She attended Rockport High School where she was president of her senior class and performed in school theatrical productions such as South Pacific. Cole then attended Berklee College of Music in Boston, where she studied jazz singing and improvisation with Bob Stoloff. She sang jazz standards at lounges and nightclubs. She was offered a record deal by the jazz label GRP Records, but decided to turn it down.
After graduating Berklee, she moved to San Francisco and began working on song ideas. She lived with three roommates and ate meagerly, building up her home studio and writing down song ideas including one that later became "Where Have All the Cowboys Gone?" Impressing label president Terry Ellis with her demo performances, she signed with his Imago Records in 1992, and was coached by veteran artist's manager John Carter on the album project that would become Harbinger.
1993–1998: Harbinger and This Fire
Cole got her first big professional break when she was invited to perform on Peter Gabriel's 1993–94 Secret World Live tour. To replace Sinead O'Connor who left the tour, Gabriel sought Cole on the strength of his impression of an early pre-release copy of her Harbinger project.

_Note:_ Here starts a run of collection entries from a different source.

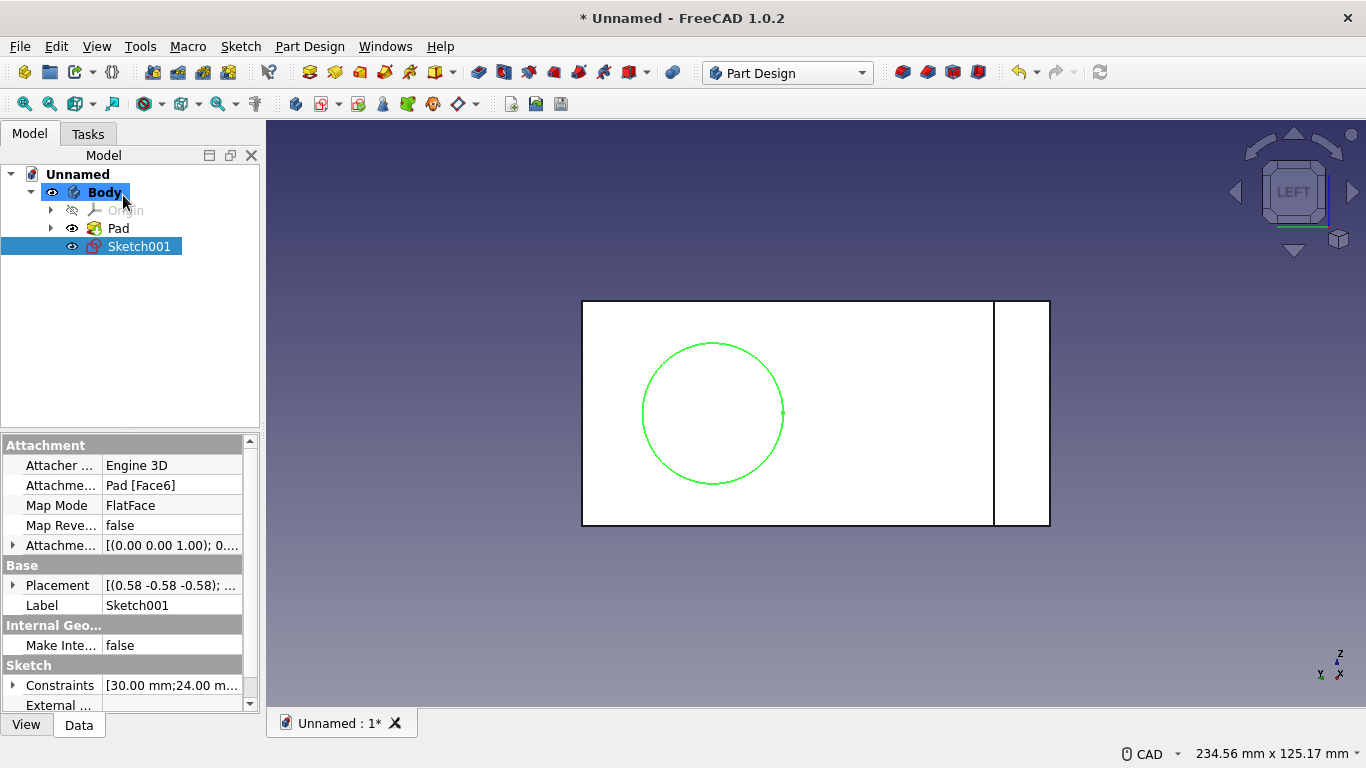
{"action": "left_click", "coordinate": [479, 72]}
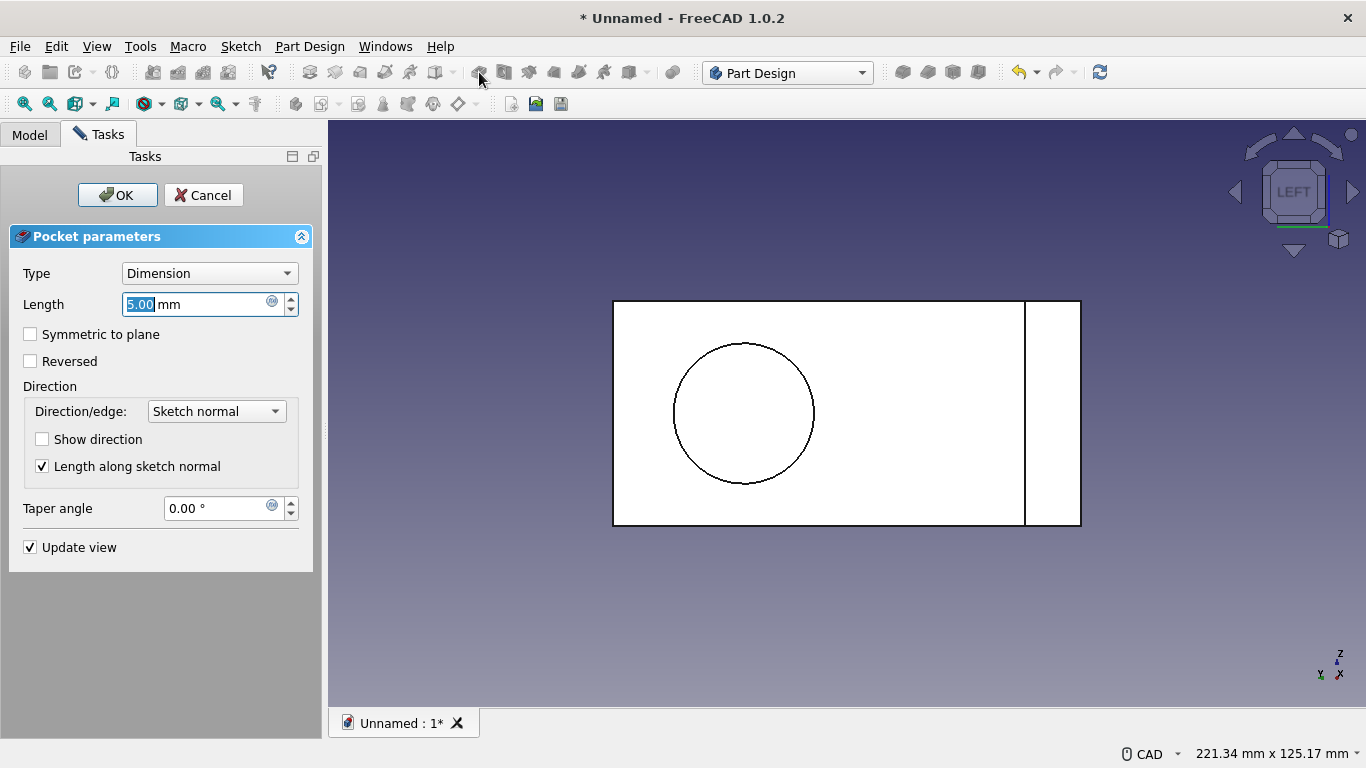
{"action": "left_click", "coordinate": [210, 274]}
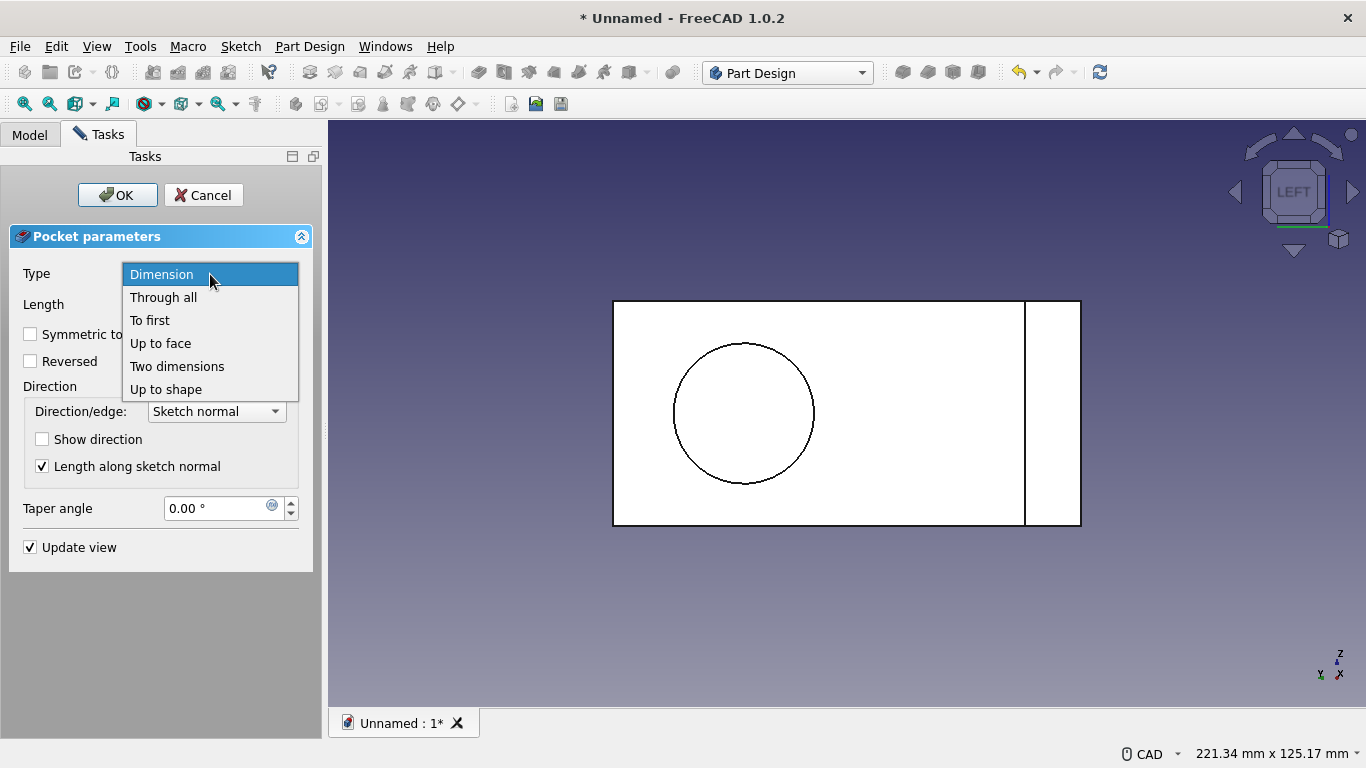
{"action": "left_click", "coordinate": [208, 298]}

He left an answering machine message for her at her apartment in San Francisco, and she immediately flew to Mannheim, Germany, for her only rehearsal with Gabriel, shortly before performing in front of 16,000 people.
Cole joined the two last legs of Peter Gabriel's 1993–94 Secret World tour. A video of the concert was shot just days after Cole joined the tour. The video was released as Secret World Live, with Cole covering all the primary female vocals and featured in duets with Gabriel, especially the songs "Don't Give Up" on which she sang the part that Kate Bush recorded with Gabriel in 1986, and "Blood of Eden" recorded by Gabriel and Sinéad O'Connor in 1992. The film received the 1996 Grammy Award for Best Long Form Music Video. Cole was also the main female vocalist on Secret World Live, the audio album documenting the tour. The tour gave Cole international exposure as well as experience performing on a large stage.
Shortly after the tour, Cole released her first album Harbinger in 1994. She appeared with Melissa Etheridge to sing a duet on VH1. Imago Records went out of business a few months after the album came out. In 1995, Cole signed on to Warner Bros. Records. Warner reissued Harbinger in the autumn of 1995.
Harbinger featured songs dwelling on Cole's personal thoughts on discrimination and unhappiness. The songs were musically lush but driven and bleak. The accompanying artwork featured photographs of Cole with a boyishly short haircut, wearing loose fitting black sweatclothes, combat boots and nose ring. The Imago label folded and promotion of Harbinger was limited, affecting its sales. A single, "I Am So Ordinary", was released with a black-and-white video that reflected the album's artwork.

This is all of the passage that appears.